# Def Tech Bipolar....



## eurovw89 (Feb 25, 2010)

Is anyone using these???

I currently have a 7.1 setup with yamaha ns-333 as my side and rear surrounds. BB near me has the Def Tech Bipolar speakers on sale for $195 a piece, and have heard nothing but good things about bipolar speakers. I was wondering if buying the Def Techs and using them as my side surrounds would wpuld make since.

Thanks
Jeff


----------



## eurovw89 (Feb 25, 2010)

One thing I did notice is my yamaha speakers o are 6ohms and the Def Techs are 8ohms.....would this cause an issue


----------



## nova (Apr 30, 2006)

I have hybrid bi-pole/di-pole speakers in my system and like them very much but they are not Def Tech. I really like bi/di side surround speakers in a home theater system so I'd say go for it. Would not worry about the Ohm ratings.


----------



## eurovw89 (Feb 25, 2010)

nova said:


> I have hybrid bi-pole/di-pole speakers in my system and like them very much but they are not Def Tech. I really like bi/di side surround speakers in a home theater system so I'd say go for it. Would not worry about the Ohm ratings.
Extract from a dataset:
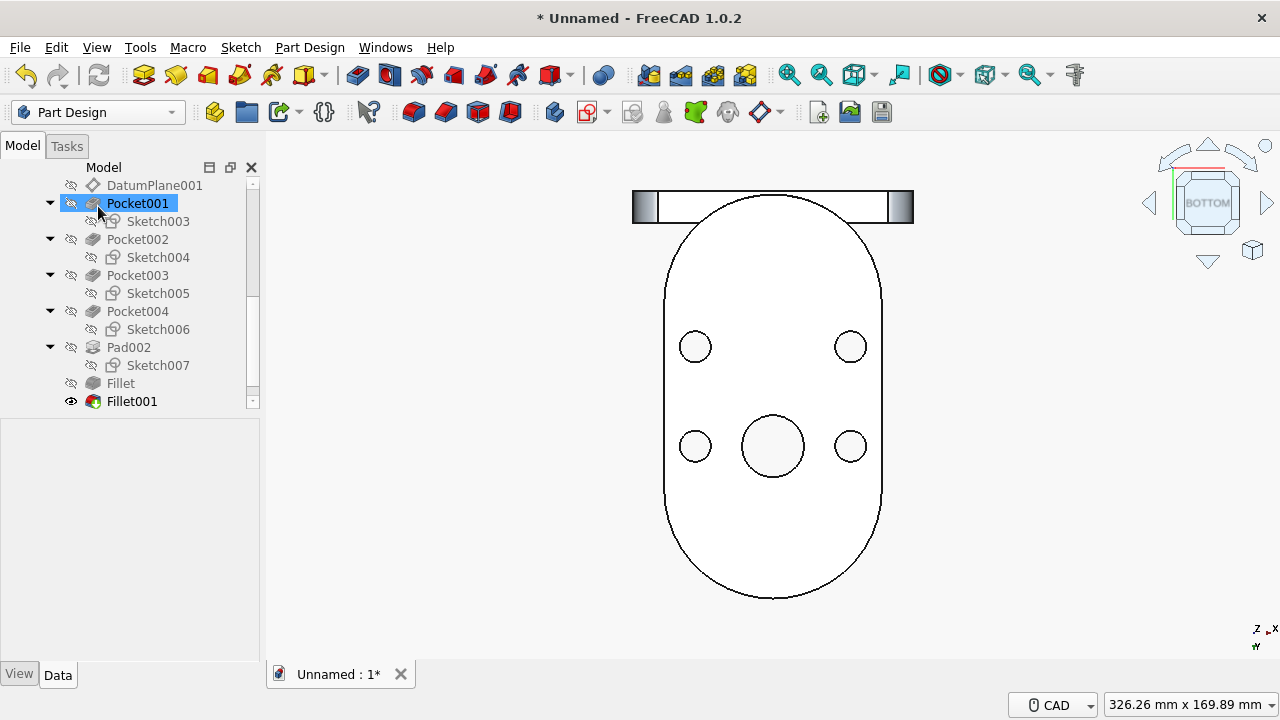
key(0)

7.1 or 5.1? and are you using them as sides, rears or both?


----------



## nova (Apr 30, 2006)

I have a 5.1 but my surrounds are mounted directly to the side of seating position, about 3 ft above ear level, so I sit in the null.


----------



## RatTerrier (Jun 26, 2013)

I have all the Def Tech BP8080ST speakers in my living room. They're really nice! Crisp clear sounds everywhere. Sounds like the price is right on them, I dont think you'll be disappointed in getting them.


----------



## bamabum (Dec 7, 2012)

I use them in my theater and the sound is great.


----------